WHAT TO PRODUCE
Begin with the line where "text Aldus vastgesteld" appears. Set down that line and the rest of the records below it exactly as given.

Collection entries
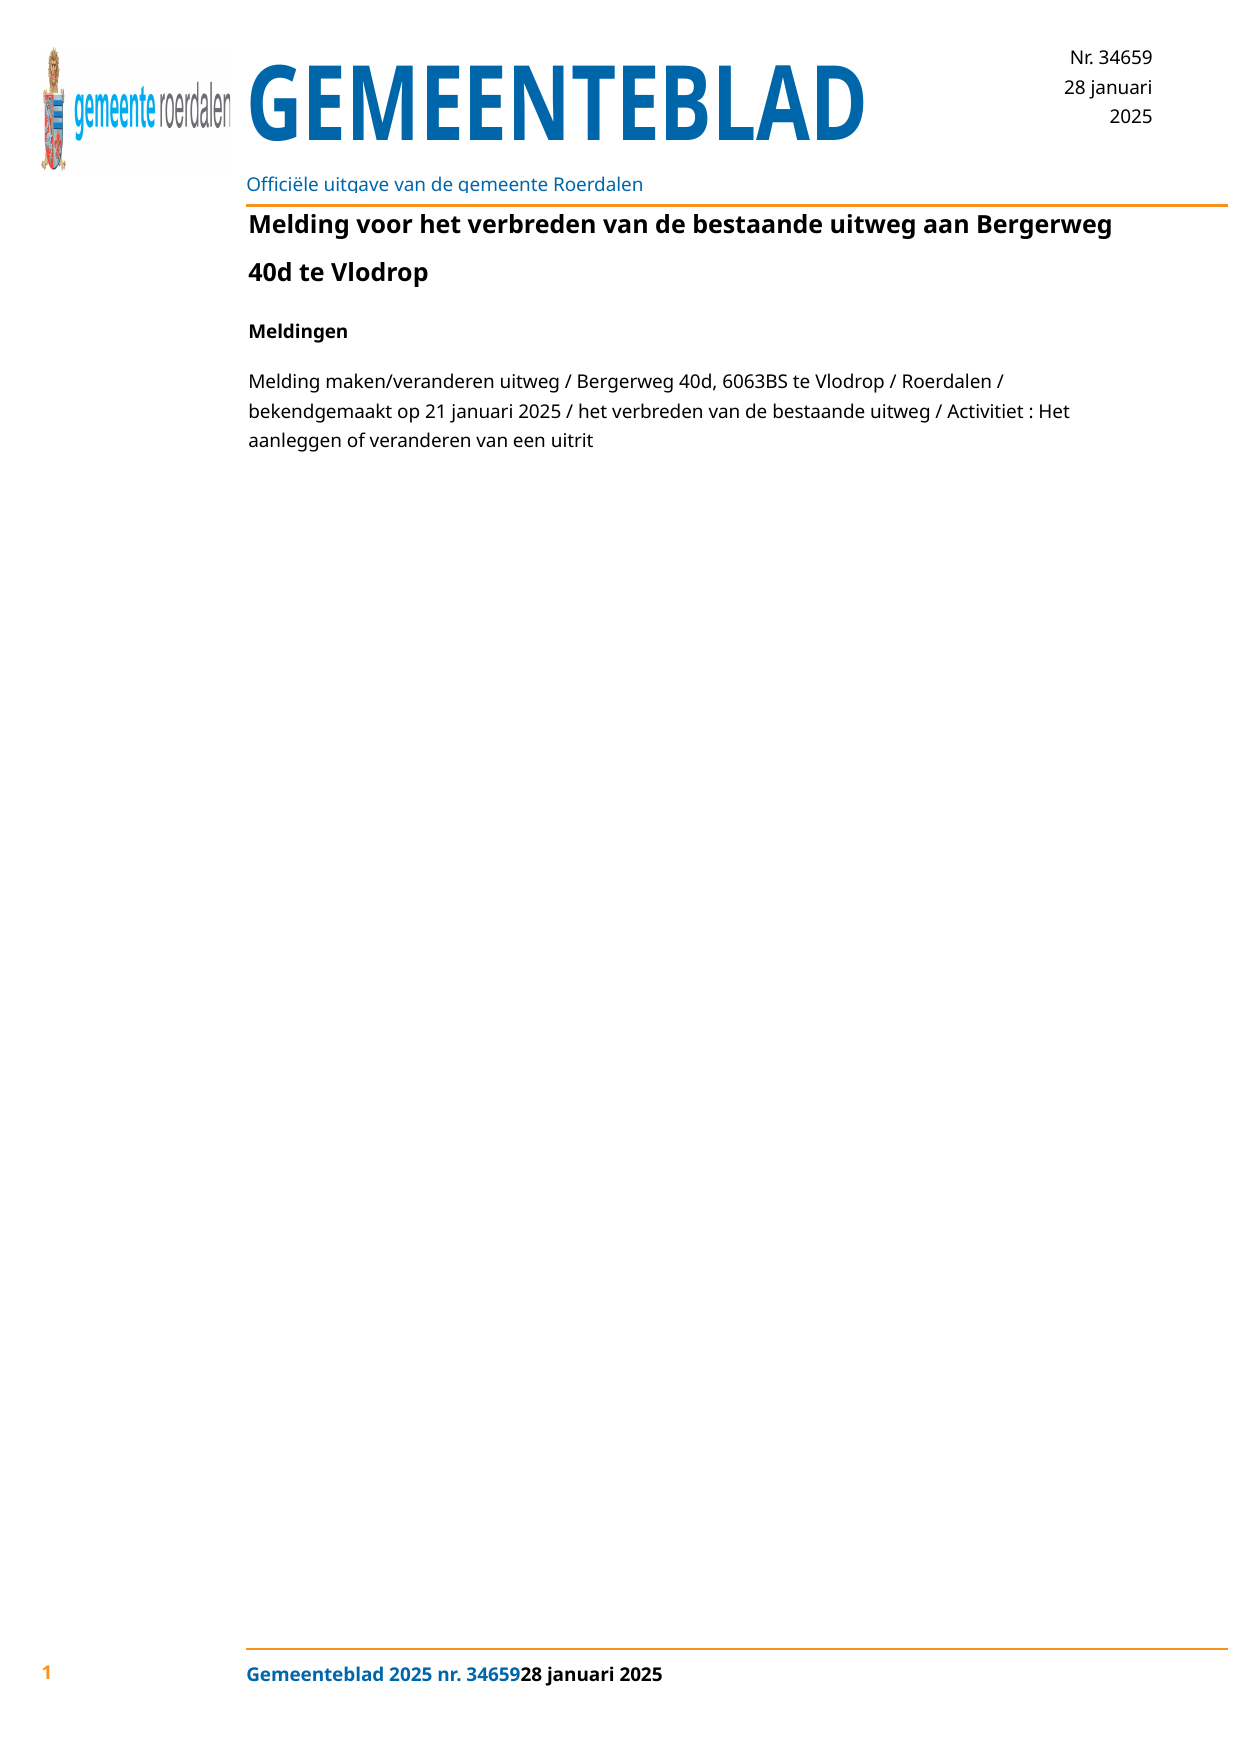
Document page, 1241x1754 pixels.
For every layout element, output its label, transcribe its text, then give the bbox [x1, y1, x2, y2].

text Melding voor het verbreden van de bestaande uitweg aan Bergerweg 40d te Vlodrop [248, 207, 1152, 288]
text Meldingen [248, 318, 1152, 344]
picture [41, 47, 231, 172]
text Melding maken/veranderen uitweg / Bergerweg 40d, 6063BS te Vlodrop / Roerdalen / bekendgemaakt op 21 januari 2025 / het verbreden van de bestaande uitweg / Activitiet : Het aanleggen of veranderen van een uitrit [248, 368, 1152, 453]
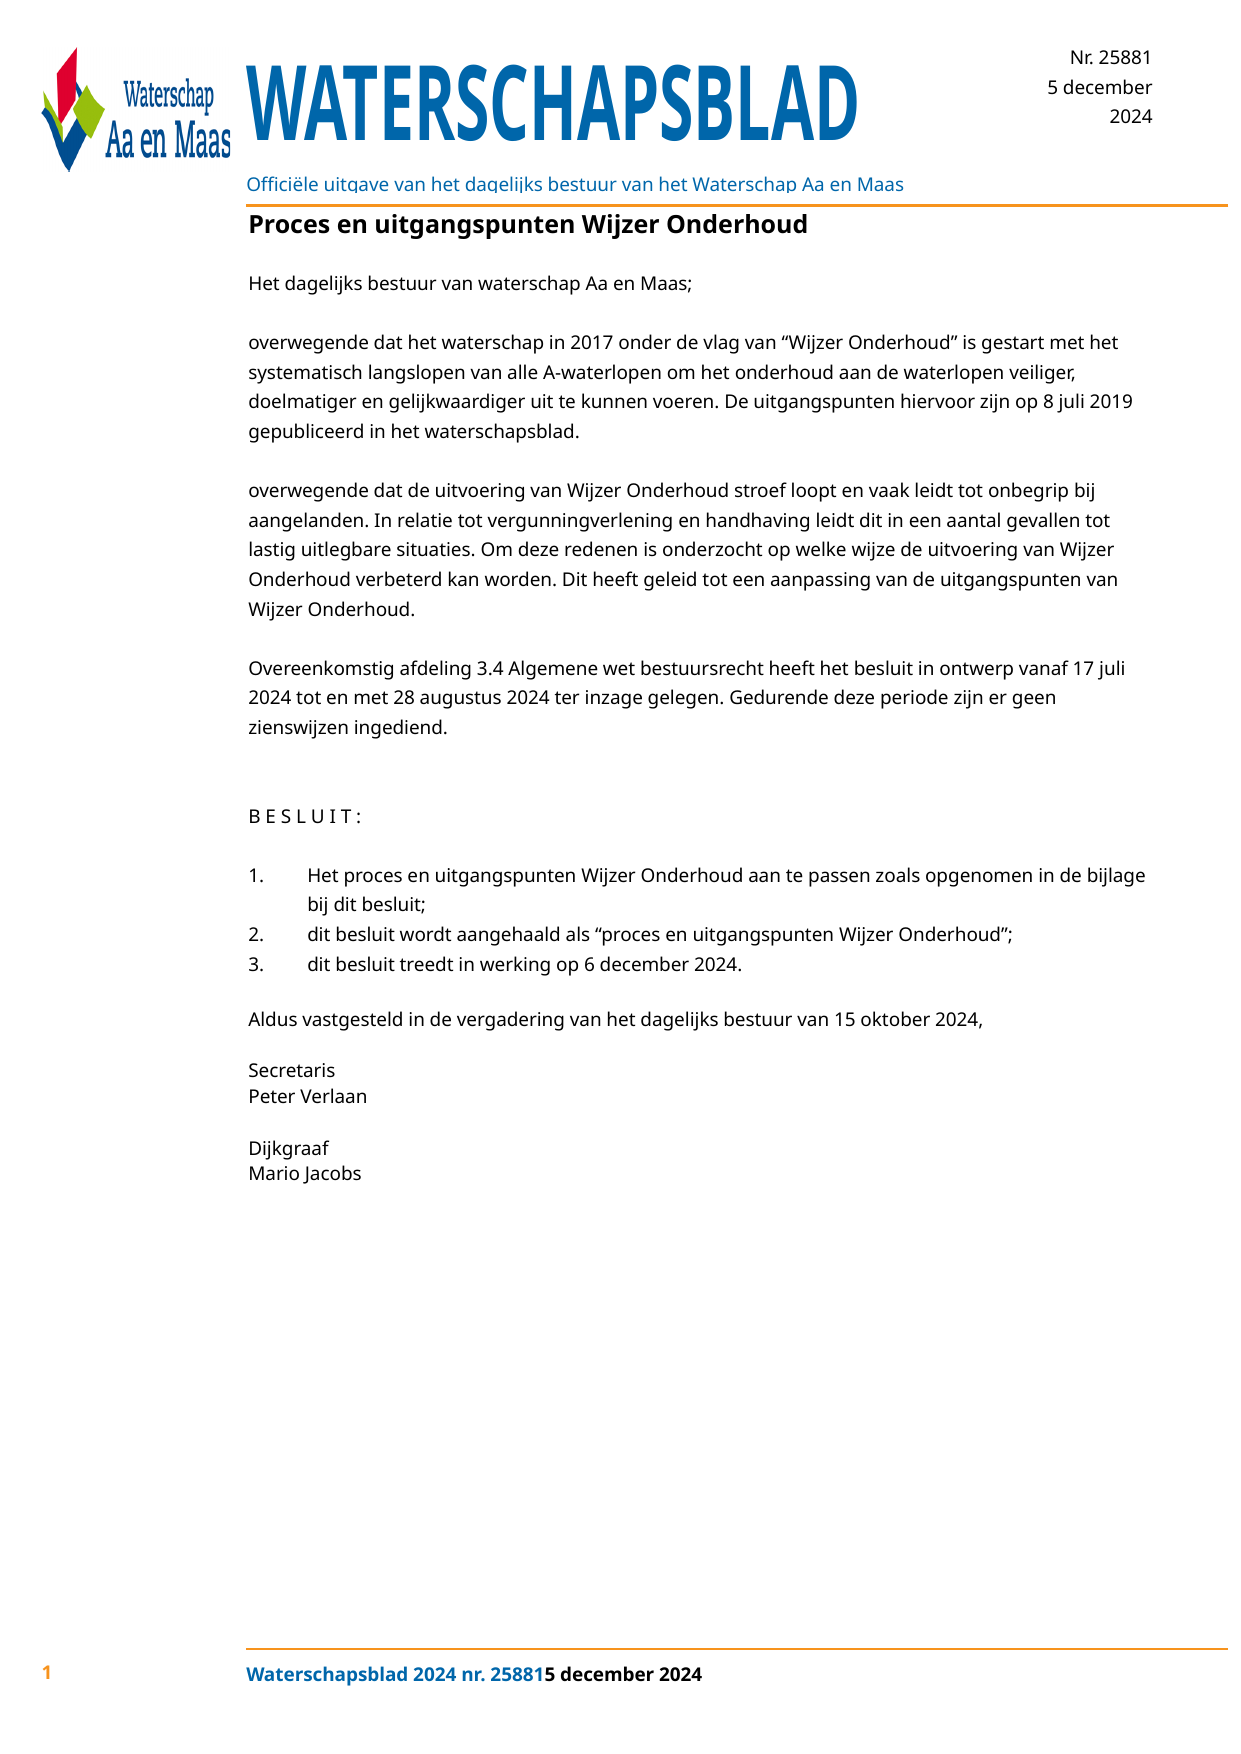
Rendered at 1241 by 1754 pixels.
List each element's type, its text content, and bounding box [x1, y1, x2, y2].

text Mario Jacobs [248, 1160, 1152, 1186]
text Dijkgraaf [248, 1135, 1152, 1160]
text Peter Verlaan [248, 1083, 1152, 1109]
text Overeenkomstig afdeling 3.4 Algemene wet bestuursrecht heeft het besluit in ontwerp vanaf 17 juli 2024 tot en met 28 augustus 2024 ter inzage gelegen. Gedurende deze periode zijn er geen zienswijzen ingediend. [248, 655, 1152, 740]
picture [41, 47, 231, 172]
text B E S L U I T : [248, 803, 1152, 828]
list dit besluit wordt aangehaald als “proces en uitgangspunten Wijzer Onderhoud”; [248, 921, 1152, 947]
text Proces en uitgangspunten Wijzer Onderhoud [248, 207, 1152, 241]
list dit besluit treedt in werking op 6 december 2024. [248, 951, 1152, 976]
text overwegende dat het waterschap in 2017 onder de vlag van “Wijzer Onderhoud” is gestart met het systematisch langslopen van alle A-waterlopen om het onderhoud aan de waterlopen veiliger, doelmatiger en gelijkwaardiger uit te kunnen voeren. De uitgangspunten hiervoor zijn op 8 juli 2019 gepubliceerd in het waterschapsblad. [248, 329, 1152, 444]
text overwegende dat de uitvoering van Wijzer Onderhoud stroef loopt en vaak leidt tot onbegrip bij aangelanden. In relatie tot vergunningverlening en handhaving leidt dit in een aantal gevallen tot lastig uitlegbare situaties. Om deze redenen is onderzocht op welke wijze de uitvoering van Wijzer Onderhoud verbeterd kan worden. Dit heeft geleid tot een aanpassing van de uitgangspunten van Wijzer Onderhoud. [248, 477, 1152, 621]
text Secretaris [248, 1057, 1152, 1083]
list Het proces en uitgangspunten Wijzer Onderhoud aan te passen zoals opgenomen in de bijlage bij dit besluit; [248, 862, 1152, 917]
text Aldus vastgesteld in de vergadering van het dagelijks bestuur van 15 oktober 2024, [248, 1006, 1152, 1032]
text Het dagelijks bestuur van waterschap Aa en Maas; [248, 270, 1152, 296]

RESPONSE AREA
text Aldus vastgesteld in de vergadering van het dagelijks bestuur van 15 oktober 2024, [248, 1006, 1152, 1032]
text Het dagelijks bestuur van waterschap Aa en Maas; [248, 270, 1152, 296]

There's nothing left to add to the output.